Those are both big assumptions.
When you take actual reality into account—instead of assumptions—you’ll find that most people have some form of metabolic dysfunction. That’s why lots of people find that they can lose weight and keep it off on a low-carb diet.
Often, during the weight-loss journey, people discover what foods they can and cannot tolerate. And as their bodies heal, they become healthier.
Other people can explain this better than I can.
Meanwhile, the CICO people favor putting more or fewer calories into a system that is already broken—without changing the system—and expect a good result.
It works if you’re generally healthy, but if you’re not? Good luck.
That’s health.
I see almost exactly the same thing happening around budgeting—especially budgeting around university operations.
“We need more money!” University Presidents cry. “We need to put more calories money into our system!”
Similar to calories, not all money is the same. Federal funding, especially grants, can only be spent on pre-approved activities. Universities try to skim off the top (F&A, I’m looking at you) but usually that money goes back into getting more grants. Even the way that tuition money is allocated, it follows so many arcane-sounding rules that the President or financial officer is prevented from distributing money into the places that need it.
Similar to metabolic disfunction, often the system of budgeting—and calculating ROI—within the university is either nonexistent or broken.
For example:
As higher education budgets have been reduced over the past decades, colleges and universities have been forced to rely on institutional grants to pilot programs designed to reduce achievement gaps and increase overall student success. Difficulties often emerge, however, when the grant comes to an end and there are difficult financial decisions regarding the transitioning of processes, offices, practices, and personnel.
AHEE.org
So you have a broken system, and people trying to get support for stuffing more money into it, instead of sitting down and doing the (hard) work of figuring out how to best distribute the money into the most critical parts of the system.

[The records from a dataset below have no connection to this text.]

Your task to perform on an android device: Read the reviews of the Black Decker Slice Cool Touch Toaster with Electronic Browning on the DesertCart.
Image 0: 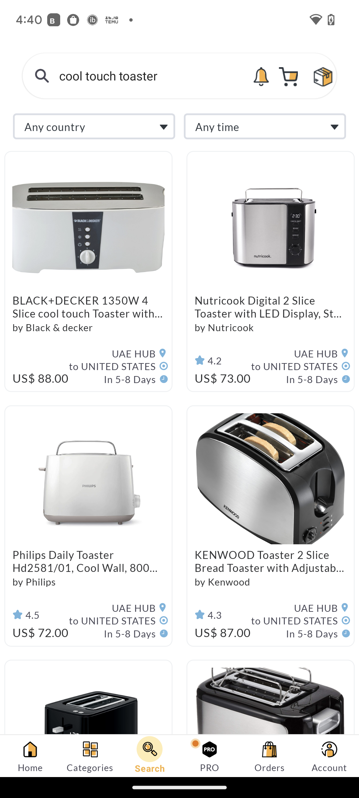
Click on the first image on the left side of the screen.
Step 0: click (179, 250)
Image 1: 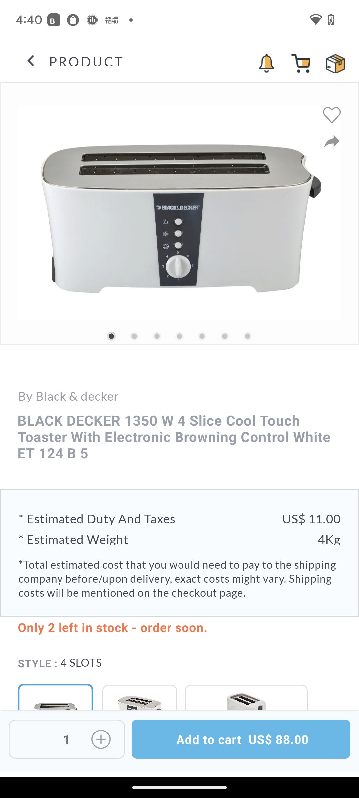
Scroll up
Step 1: scroll down
Image 2: 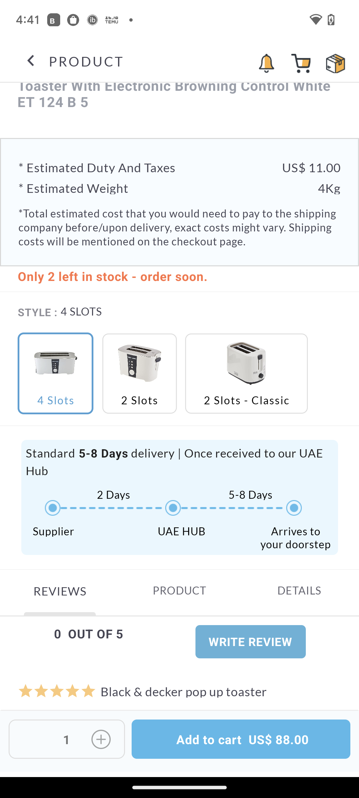
Scroll up
Step 2: scroll down
Image 3: 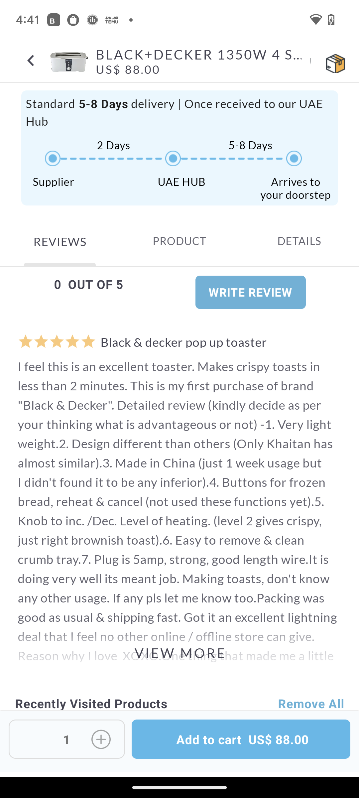
Click on view more in the middle of the screen.
Step 3: click (179, 652)
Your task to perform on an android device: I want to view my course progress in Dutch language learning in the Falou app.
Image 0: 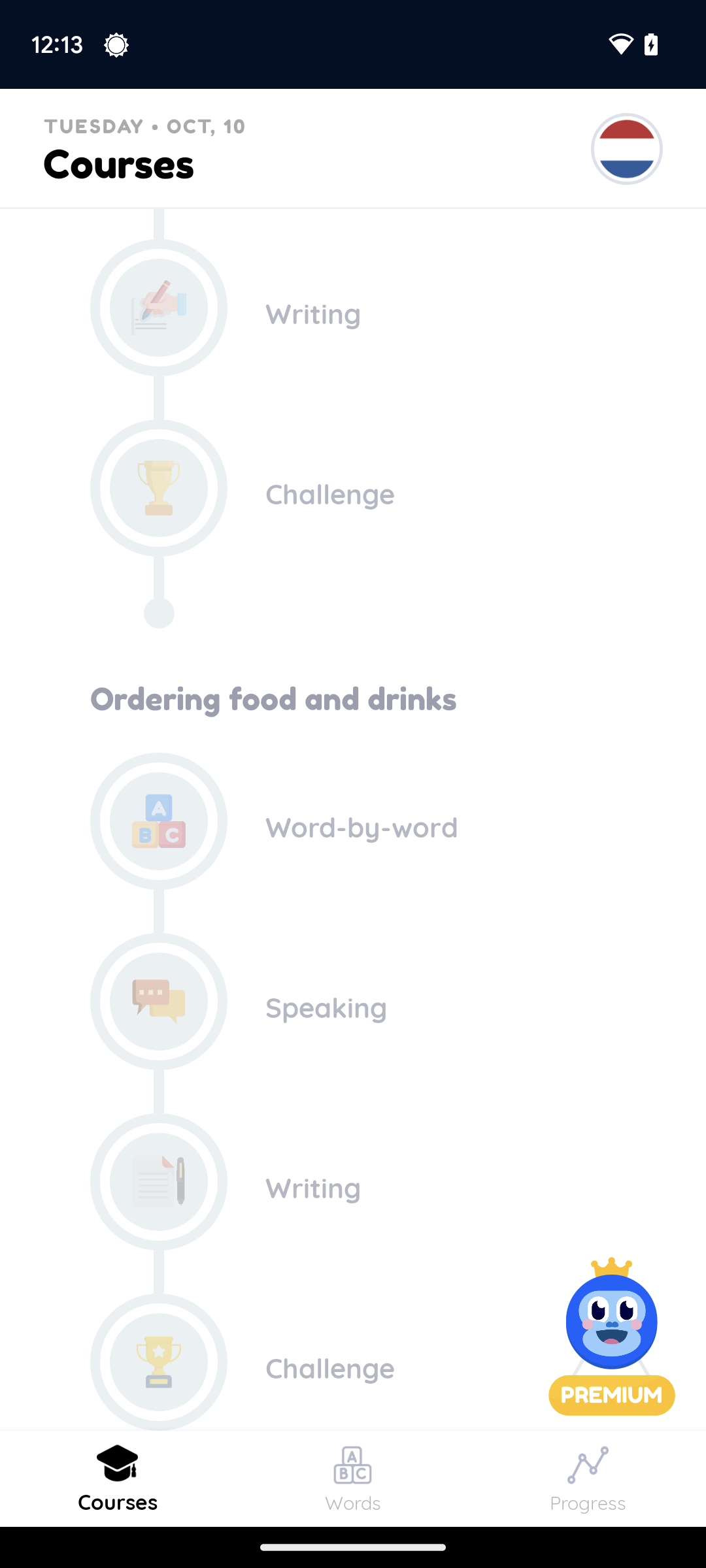
At the bottom-right corner of the screen, click on the Progress tab.
Step 0: click (588, 1478)

More money isn’t going to help until you FIX where the money is going and how it’s being used. Otherwise, you’re just limping along with a system that can’t make the best use of what it has.
The university gets fat, and malnourished, with administrative bloat instead of people teaching and seeking the truth. With students who can pull in $ instead of students who are the best fit for the university’s mission and research objectives.
Universities have financial diabetes.